Por Wilson de Carvalho

Não fossem as centenas de ações do Judiciário, em todo o país, estaríamos hoje, amargando muito mais mortes pelo Covid-19. Elogios também às Polícias Federal e Estaduais no trabalho incansável contra os criminosos da pandemia, piores que quaisquer outros de toda a sociedade. O próprio STF foi obrigado a intervir para “correções”. Entre elas, a de fazer voltar o critério de informações das mortes, impedindo, pasmem, o fake news do governo que mostraria ao mundo uma falsa eficiência no combate à pandemia no nosso país. Virão mais intervenções da Justiça, pois atingimos o pico da pandemia, o que se prevê pela OMS apenas para o mês de agosto. Não faltarão pedidos de liminares e recursos para  anulações até absurdas como a obrigatoriedade do uso de máscara pelo presidente da República, Jair Bolsonaro, que deveria dar exemplo e faz exatamente o inverso. Impunemente.

Presidente sem máscara com bombeiros (crédito: Agência Brasil)

Por decisão do Conselho Nacional de Justiça (CNJ), foi estabelecido um sistema de plantão extraordinário com os magistrados trabalhando por meio do teletrabalho para atender demandas ordinárias que tramitam nas varas e, no regime de plantão presencial, para atender às demandas urgentes.

Mesmo assim, não tem sido fácil para o Judiciário nestes quase quatro meses de pandemia, com destaque também para os Ministérios Públicos impedirem  o verdadeiro caos agravado por péssimos governantes. A maioria preocupada com as eleições municipais previstas para outubro. Ou ainda por descaso, incompetência ou mesmo por desvio de dinheiro público na compra de medicamentos e equipamentos, o que motivou inúmeras prisões.

O presidente Jair Bolsonaro também tem dado muito trabalho à Justiça e a órgãos internacionais que o acusam de prática de crime contra a humanidade.  De nada adiantou a determinação do juiz federal Renato Borelli,  da 9ª Vara Federal Cível do Distrito Federal, que o obrigava a usar máscara de proteção contra o Covid-19 em todos os espaços públicos, incluindo ruas e estabelecimentos comerciais. A Advocacia-Geral da União (AGU) recorreu e reverteu, permitindo  que o presidente continuasse com o péssimo exemplo.

O presidente do Supremo Tribunal Federal (STF), ministro José Antonio Dias Toffoli chegou a afirmar que atitudes “dúbias” do presidente Jair Bolsonaro “impressionam e assustam” o Brasil e o mundo. E pediu uma “trégua” entre os  Poderes e prioridade no combate ao coronavírus.
No mesmo discurso, Toffoli destacou que os governos têm “o dever de prestar contas” e, na sequência, elogiou iniciativa da imprensa para divulgar os dados de coronavírus após o governo mudar a divulgação dos dados consolidados sobre a pandemia no país.

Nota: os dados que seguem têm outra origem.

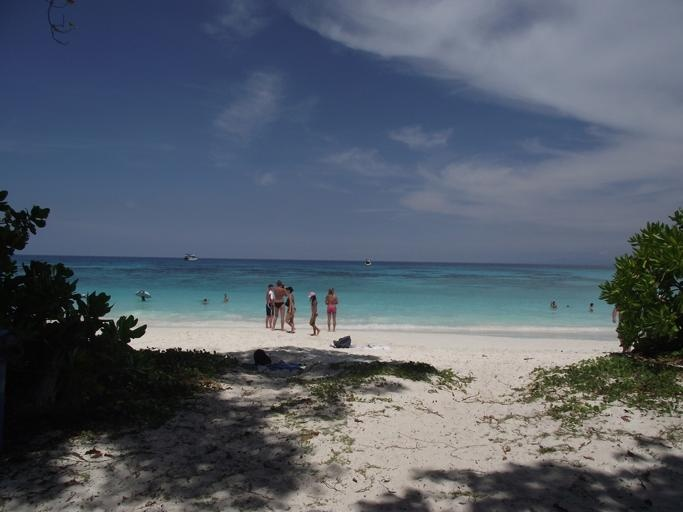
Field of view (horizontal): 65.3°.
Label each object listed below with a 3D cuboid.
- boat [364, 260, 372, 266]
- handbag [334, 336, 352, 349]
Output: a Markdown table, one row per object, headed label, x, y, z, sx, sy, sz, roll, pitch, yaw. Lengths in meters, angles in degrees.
| label | x | y | z | sx | sy | sz | roll | pitch | yaw |
| --- | --- | --- | --- | --- | --- | --- | --- | --- | --- |
| boat | 10.683 | 2.950 | 223.879 | 1.863 | 1.986 | 3.784 | -2 | -13 | 4 |
| handbag | 0.037 | 2.872 | 17.707 | 0.466 | 0.208 | 0.540 | 1 | -3 | -2 |
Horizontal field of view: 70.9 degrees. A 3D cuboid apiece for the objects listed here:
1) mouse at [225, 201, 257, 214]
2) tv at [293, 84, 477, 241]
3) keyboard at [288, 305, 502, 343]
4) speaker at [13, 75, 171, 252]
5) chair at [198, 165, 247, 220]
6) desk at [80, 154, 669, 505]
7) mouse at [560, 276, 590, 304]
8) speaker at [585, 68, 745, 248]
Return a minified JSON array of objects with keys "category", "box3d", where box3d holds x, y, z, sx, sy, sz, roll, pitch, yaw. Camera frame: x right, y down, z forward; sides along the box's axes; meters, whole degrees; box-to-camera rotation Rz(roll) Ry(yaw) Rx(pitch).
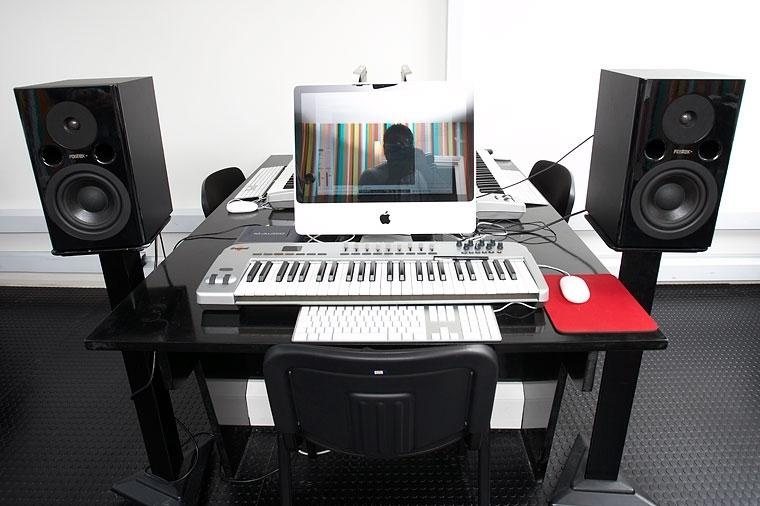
[{"category":"mouse","box3d":[-0.640,-0.217,2.501,0.103,0.025,0.073,2,31,-4]},{"category":"tv","box3d":[0.021,-0.365,2.029,0.557,0.477,0.200,-1,12,1]},{"category":"keyboard","box3d":[0.051,0.238,1.807,0.676,0.059,0.155,0,24,1]},{"category":"speaker","box3d":[-0.992,-0.313,1.947,0.462,0.582,0.309,-15,27,-30]},{"category":"chair","box3d":[-0.822,-0.323,2.814,0.215,0.314,0.227,15,41,9]},{"category":"desk","box3d":[-0.354,0.054,2.559,1.218,0.819,1.657,-1,31,-1]},{"category":"mouse","box3d":[0.696,0.131,1.917,0.112,0.070,0.085,8,25,19]},{"category":"speaker","box3d":[0.985,-0.334,1.917,0.379,0.593,0.368,2,24,6]}]
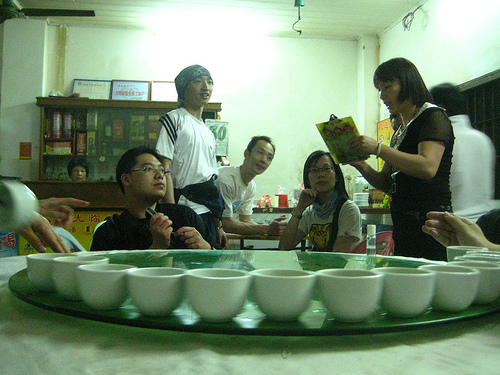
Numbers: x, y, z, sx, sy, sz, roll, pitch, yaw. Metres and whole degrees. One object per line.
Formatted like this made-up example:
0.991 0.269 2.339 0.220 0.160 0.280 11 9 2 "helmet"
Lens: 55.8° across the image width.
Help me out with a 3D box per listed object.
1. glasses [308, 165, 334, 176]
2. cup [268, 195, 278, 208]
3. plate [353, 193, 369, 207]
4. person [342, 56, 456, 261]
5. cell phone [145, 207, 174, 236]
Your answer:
0.399 -0.094 2.580 0.134 0.048 0.048 1 12 5 "glasses"
0.245 0.154 4.791 0.130 0.155 0.095 -1 5 2 "cup"
1.042 0.107 4.422 0.147 0.123 0.151 -2 -1 41 "plate"
0.734 -0.123 2.184 0.449 0.923 0.527 -12 16 -42 "person"
-0.392 0.123 2.014 0.118 0.116 0.029 22 42 29 "cell phone"
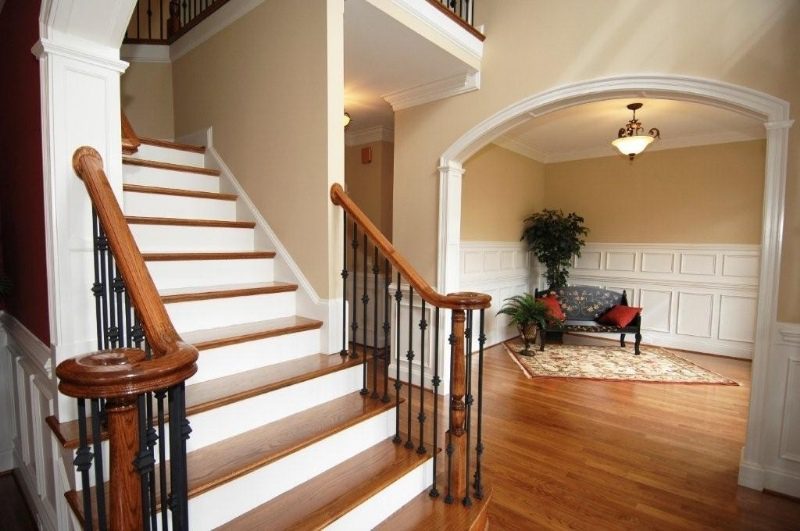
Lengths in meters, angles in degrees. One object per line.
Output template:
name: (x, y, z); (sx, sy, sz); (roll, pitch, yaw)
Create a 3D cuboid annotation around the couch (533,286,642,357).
couch: (2.650, 0.769, 7.987); (1.339, 0.924, 0.695); (1, 5, 4)

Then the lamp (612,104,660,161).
lamp: (2.891, -1.600, 7.028); (0.674, 0.667, 0.683); (0, -2, 38)

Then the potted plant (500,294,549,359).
potted plant: (1.773, 0.825, 7.751); (0.792, 0.773, 0.777); (1, -3, -7)

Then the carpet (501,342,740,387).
carpet: (2.768, 1.279, 7.152); (2.521, 0.214, 1.444); (-2, 4, 4)

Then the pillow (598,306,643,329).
pillow: (3.117, 0.718, 7.791); (0.550, 0.280, 0.442); (0, 4, 19)

Há também que considerar as pressões de empresários e do próprio presidente Jair Bolsonaro para a reabertura total do comércio. Até no esporte, onde a  TV Globo tentou de todas as formas a volta antecipada dos campeonatos estaduais, justificando estádios sem público, mas omitindo o risco aos profissionais de apoio aos jogos. Dirigentes do Flamengo chegaram a criticar o MP por ser contra o retorno do futebol. A Justiça  entrou em ação e decidiu pela volta dos Estaduais só em agosto com base científica, mas deixando o futebol carioca fazer a antecipação um mês antes. Tentativas fora do Rio foram bloqueadas em outros Estados pelos próprios governantes e dirigentes de clubes.

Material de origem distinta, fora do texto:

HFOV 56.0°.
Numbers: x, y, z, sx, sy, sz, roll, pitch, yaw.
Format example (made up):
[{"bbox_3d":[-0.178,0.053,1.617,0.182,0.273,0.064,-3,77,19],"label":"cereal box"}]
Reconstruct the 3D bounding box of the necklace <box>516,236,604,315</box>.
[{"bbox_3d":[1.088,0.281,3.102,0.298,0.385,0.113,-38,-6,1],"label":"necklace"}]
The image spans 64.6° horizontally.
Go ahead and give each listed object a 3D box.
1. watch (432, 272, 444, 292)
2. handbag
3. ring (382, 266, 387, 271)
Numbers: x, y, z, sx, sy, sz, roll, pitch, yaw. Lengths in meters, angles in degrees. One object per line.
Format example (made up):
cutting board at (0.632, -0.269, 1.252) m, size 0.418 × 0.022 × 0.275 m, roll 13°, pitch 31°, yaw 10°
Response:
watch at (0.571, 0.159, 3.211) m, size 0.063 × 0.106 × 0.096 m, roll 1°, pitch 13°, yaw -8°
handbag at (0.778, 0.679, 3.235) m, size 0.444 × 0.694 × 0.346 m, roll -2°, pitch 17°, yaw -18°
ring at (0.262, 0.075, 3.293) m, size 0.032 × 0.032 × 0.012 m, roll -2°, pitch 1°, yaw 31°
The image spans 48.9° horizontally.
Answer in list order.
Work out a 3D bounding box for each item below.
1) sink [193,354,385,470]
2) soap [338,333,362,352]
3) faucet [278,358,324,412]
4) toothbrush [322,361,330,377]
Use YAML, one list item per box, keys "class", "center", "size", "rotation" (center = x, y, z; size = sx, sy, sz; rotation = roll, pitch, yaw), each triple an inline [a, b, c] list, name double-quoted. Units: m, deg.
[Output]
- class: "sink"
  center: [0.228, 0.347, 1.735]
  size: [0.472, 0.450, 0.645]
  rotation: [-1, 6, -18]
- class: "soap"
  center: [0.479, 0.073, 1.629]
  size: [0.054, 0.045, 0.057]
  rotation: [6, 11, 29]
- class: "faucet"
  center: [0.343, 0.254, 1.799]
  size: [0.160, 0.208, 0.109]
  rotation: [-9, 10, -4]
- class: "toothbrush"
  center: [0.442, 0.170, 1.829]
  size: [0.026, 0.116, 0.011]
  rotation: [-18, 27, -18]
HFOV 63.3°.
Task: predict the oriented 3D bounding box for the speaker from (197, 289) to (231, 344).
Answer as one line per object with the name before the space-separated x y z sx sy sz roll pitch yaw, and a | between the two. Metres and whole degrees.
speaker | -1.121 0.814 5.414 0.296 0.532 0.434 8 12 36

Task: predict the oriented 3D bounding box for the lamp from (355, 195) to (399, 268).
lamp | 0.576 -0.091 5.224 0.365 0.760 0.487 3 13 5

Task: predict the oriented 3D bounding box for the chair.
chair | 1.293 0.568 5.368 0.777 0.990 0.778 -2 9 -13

Em plena pandemia, o técnico Jorge Jesus é erguido pelo time do Flamengo depois da conquista do Carioca 2020 (crédito: Thiago Ribeiro/AGIF)

Vergonha mundial

De Norte a Sul do país,  em longa pesquisa que fizemos, fica impossível, por falta de espaço, inserir todas as ações  judiciais.  O trabalho tem sido constante. Não para. E mais ainda para os julgamentos de ações que se acumularão durante e após a pandemia. Trabalho árduo da Justiça que tem acontecido  há décadas, antes da pandemia, para obrigar os governantes à garantia mínima nos atendimentos médicos, cirurgias, internações, entre outros, o que, mesmo assim, tem sido difícil. Ou seja, o número de brasileiros mortos por falta de atendimento médico  sempre foi grande, em um verdadeiro extermínio.  O que, vale enfatizar, não acontece com tanta gravidade e descaso à vida humana em  todo o mundo, com exceção de alguns países africanos.

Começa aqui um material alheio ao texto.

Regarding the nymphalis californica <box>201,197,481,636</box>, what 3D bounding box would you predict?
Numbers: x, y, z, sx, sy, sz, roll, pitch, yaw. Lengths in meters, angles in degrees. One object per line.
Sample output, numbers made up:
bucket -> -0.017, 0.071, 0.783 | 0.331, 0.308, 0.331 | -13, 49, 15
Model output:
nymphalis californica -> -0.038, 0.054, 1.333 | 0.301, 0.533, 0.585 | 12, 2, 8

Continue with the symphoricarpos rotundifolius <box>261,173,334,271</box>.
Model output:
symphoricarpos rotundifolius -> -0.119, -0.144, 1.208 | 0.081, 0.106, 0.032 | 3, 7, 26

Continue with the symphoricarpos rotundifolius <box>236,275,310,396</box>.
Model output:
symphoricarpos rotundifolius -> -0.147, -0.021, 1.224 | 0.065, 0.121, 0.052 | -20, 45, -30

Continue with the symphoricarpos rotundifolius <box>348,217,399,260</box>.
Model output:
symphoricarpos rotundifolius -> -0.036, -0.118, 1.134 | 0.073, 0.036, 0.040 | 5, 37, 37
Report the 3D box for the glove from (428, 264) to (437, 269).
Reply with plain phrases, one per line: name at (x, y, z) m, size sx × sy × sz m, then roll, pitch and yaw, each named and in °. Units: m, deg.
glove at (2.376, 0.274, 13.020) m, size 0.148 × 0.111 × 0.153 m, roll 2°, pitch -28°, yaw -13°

E quando se considera que chegamos ao cúmulo da desonestidade, salvo raríssimas exceções,  de governantes, vereadores, deputados, assessores e empresários criminosos, roubando e superfaturando a compra de medicamentos e equipamentos para reduzir o número de mortes, o que pensar senão numa vergonha mundial. E como penalizá-los duramente. Reformar as leis que não estão resolvendo, seria uma saída, conforme prova, em especial, a quadrilha comandada pelo ex-governador do Estado do Rio, Sérgio Cabral, a rigor, o único cumprindo pena no sistema penitenciário. Quase todos em suas mansões. Prisão perpétua, pelo menos?

E assim tem sido. Enquanto o vírus segue matando, o roubo também não para, apesar das ações da polícia e da Justiça, pelo mesmo  motivo: compra de equipamentos superfaturados e, pior,  muitos que não chegam, além de hospitais de campanha apenas de fachada, e medicamentos 700% mais caros. Ou a   descoberta mais recente de outra compra milionária e superfaturada de soro fisiológico. Desnecessário, o que é mais grave, segundo os médicos, para o tratamento contra o vírus.

Profissionais de Saúde do SUS recebem paciente na entrada de hospital em Brasília (crédito: Sérgio Lima/Poder360 –4.abr.2020)

Médicos sem salários

No Estado do Rio, onde várias prisões foram efetuadas, ladrões, travestidos de secretários e assessores do governador, ameaçado de impeachment, chegaram a comprar carrinhos de anestesia na tentativa de enganar como se fossem respiradores.  E, mais uma vez, com o governador se defendendo   das acusações de, no mínimo, ter sido conivente ou omisso.  Em várias capitais, médicos e enfermeiros  reclamam da falta de pagamento dos salários, apesar dos muitos milhões de reais liberados pelo governo federal. Imaginemos como  roubariam mais se o governo tivesse disponibilizado o percentual correto na verba destinada para o combate ao Covid-19. E não o equivalente a menos de 30%, de acordo com informações de ex-integrantes do próprio Ministério da Saúde.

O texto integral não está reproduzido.